Exercise >>
Work out how many lines of the data below hold the string "Lengths". Answer with that number alone.

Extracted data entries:

--- START ---

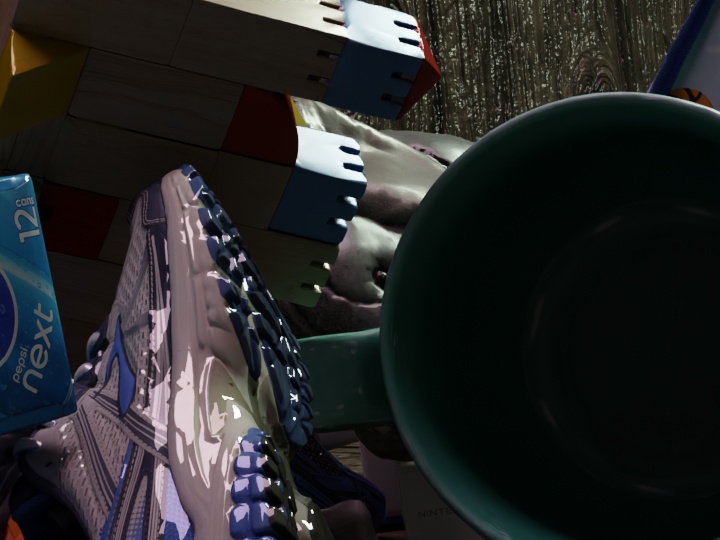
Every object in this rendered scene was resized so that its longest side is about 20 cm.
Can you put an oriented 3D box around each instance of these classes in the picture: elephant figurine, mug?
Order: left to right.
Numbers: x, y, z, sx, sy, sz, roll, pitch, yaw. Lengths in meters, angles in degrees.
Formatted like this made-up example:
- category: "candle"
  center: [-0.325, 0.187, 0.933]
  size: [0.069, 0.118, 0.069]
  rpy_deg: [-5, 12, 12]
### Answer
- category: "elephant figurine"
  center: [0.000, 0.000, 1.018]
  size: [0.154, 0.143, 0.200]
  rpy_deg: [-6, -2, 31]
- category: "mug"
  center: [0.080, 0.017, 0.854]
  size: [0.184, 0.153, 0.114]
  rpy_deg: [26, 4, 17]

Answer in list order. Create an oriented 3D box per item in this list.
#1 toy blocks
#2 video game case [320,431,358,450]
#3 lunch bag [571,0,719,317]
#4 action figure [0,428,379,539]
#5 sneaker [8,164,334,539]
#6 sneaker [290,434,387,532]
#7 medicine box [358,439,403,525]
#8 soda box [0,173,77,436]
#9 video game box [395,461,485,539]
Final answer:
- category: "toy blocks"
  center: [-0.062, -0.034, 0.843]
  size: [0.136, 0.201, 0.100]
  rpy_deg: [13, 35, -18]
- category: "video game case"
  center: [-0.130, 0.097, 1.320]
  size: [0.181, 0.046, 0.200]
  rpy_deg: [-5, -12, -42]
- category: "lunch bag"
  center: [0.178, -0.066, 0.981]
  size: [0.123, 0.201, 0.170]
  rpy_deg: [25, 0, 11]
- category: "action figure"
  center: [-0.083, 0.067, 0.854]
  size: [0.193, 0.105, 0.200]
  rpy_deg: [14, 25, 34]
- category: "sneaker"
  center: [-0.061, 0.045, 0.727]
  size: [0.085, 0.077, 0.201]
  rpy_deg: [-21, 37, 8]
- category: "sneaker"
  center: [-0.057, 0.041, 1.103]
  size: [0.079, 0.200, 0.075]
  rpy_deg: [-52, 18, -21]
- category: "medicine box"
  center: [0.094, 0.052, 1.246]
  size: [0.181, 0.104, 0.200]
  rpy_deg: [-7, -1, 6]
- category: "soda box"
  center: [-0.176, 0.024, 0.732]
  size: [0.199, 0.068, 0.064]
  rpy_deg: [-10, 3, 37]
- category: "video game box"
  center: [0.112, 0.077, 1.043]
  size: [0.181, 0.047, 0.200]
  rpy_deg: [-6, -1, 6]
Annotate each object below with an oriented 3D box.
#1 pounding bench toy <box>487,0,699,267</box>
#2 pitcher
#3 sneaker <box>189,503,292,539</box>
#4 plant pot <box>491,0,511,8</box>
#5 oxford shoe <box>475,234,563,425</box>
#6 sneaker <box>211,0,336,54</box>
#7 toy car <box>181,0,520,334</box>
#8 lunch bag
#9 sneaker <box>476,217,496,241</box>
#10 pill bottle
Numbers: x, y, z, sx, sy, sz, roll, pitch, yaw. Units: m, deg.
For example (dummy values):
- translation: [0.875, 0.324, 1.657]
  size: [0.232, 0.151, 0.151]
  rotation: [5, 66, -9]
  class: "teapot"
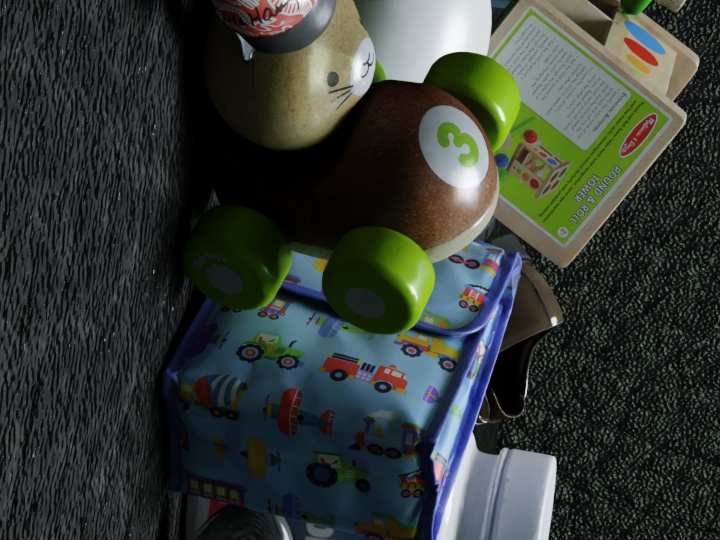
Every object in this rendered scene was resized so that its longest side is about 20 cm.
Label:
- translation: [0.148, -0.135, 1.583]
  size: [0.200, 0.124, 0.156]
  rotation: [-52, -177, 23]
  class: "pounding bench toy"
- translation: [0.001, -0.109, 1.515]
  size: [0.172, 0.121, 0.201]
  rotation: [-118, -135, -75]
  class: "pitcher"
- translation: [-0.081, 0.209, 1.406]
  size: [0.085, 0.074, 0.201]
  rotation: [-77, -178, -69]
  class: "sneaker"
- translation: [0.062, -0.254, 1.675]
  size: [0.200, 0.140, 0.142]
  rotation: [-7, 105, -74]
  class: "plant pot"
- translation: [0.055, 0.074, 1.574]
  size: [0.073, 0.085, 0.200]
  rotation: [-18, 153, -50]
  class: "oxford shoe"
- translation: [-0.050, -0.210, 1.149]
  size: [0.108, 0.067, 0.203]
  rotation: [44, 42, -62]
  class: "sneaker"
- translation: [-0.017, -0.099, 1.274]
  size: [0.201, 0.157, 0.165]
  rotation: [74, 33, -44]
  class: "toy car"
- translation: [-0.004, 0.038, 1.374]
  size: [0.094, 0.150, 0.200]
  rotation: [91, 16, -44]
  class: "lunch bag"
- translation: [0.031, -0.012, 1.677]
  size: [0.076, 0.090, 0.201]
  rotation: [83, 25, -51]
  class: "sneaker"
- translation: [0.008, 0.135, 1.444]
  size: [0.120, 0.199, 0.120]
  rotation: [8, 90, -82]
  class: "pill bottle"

--- END ---
--- START ---

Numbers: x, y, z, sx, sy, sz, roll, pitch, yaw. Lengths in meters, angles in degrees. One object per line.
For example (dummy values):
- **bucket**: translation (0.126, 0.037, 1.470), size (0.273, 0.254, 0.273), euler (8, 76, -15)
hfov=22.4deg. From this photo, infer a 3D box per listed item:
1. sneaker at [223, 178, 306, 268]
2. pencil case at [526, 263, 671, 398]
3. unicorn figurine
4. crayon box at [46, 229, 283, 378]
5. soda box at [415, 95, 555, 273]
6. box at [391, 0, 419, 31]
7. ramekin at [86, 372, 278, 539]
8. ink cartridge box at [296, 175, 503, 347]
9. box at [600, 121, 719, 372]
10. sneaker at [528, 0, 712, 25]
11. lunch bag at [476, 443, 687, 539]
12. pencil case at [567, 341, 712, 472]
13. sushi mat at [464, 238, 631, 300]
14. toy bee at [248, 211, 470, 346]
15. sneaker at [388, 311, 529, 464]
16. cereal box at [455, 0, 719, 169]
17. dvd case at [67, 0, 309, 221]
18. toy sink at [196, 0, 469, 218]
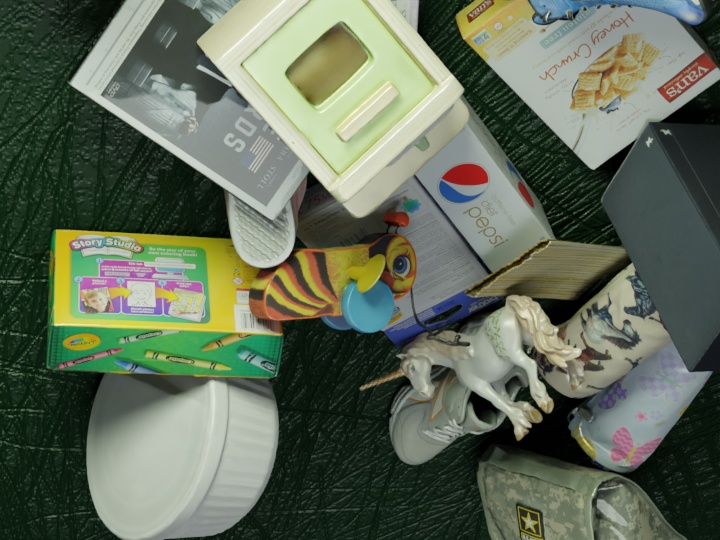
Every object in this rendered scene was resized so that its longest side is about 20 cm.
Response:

--- END ---

Response box >>
2